After that my thoughts circled only around my transsexuality and I understood that there was no way around my coming out. Starting with my wife and my children, I opened up to friends and a few good colleagues and was very surprised about the largely positive reactions and support offered, as the stories on the Internet were mostly characterized by personal disasters. This also applied to the professional life, where I was not aware of a single comparable case at my employer RWE, which caused me particular anxiety. So I firmly expected to lose my professional and human reputation as well as to be ostracized and ridiculed in this male-dominated, at that time (as I thought at least) quite conservative company.
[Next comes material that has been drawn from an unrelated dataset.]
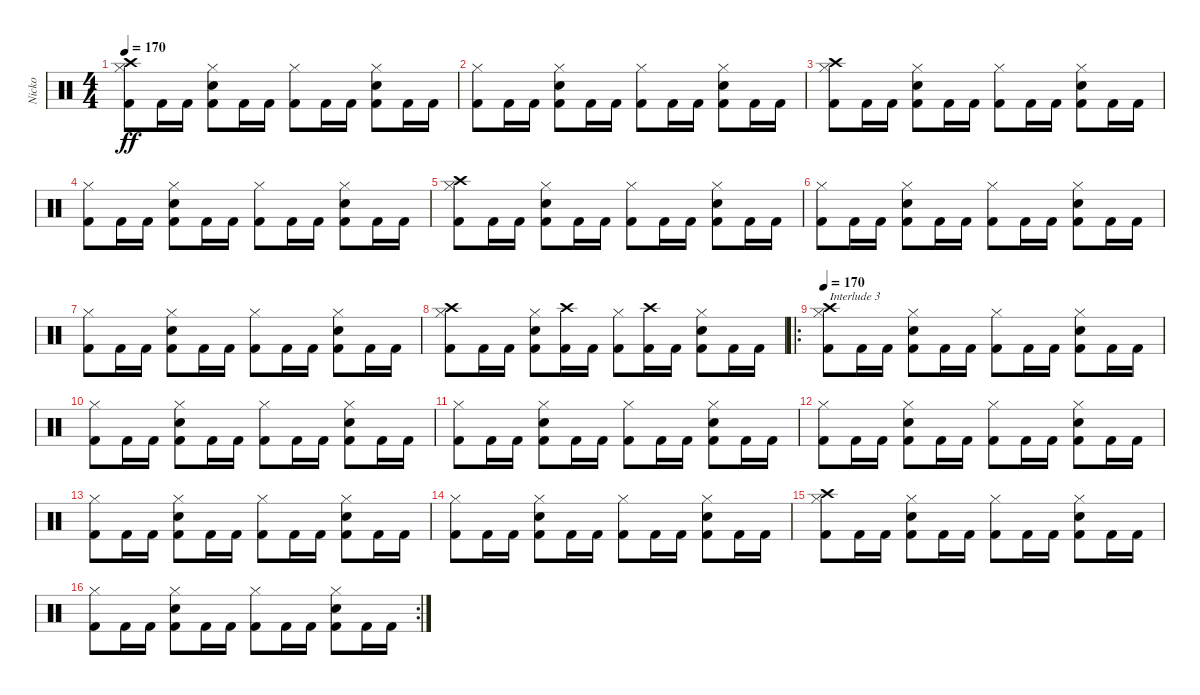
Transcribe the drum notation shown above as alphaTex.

But things turned out quite differently. First of all, I ran into an open door in the Diversity department when I asked them for support for my plans to make the transition to becoming a woman at work. Finally, someone at RWE was openly admitting to being transgender by name and face, I was told, and together we worked out a plan for coming out at work, for which I gained support all the way up to the Executive Board. After personally informing a few colleagues and superiors in advance, with whom I had a special relationship, our board of directors sent an e-mail to its managers during my vacation, who in turn distributed it to their employees.

To my delight, I received warm and supportive messages while still on vacation, so that my worries about the reactions of my colleagues melted away like snow in the sun! Numerous other outing conversations followed with people who were personally important to me and with whom I placed particular value on them understanding my story and accompanying me on my journey! However, it should also be mentioned that I lost some friends who did not want to follow my transformation, but in their place I was able to meet wonderful new people.

It was also hard for my closest family, but we stuck together and walked the sometimes rocky road together.

At RWE, we got in touch with another trans* woman, a gay colleague joined us and we founded the LGBTIQ & Friends Network at RWE, which now has 225 members. In addition to warm friendship, we are now united by the goal of making it easier for other members of the LGBTIQ community to come out at work. To this end, we provide assistance and advice and are in close contact with other companies and LGBT*IQ networks in Germany.

Dear Manuela, Thank you very much for YourStory!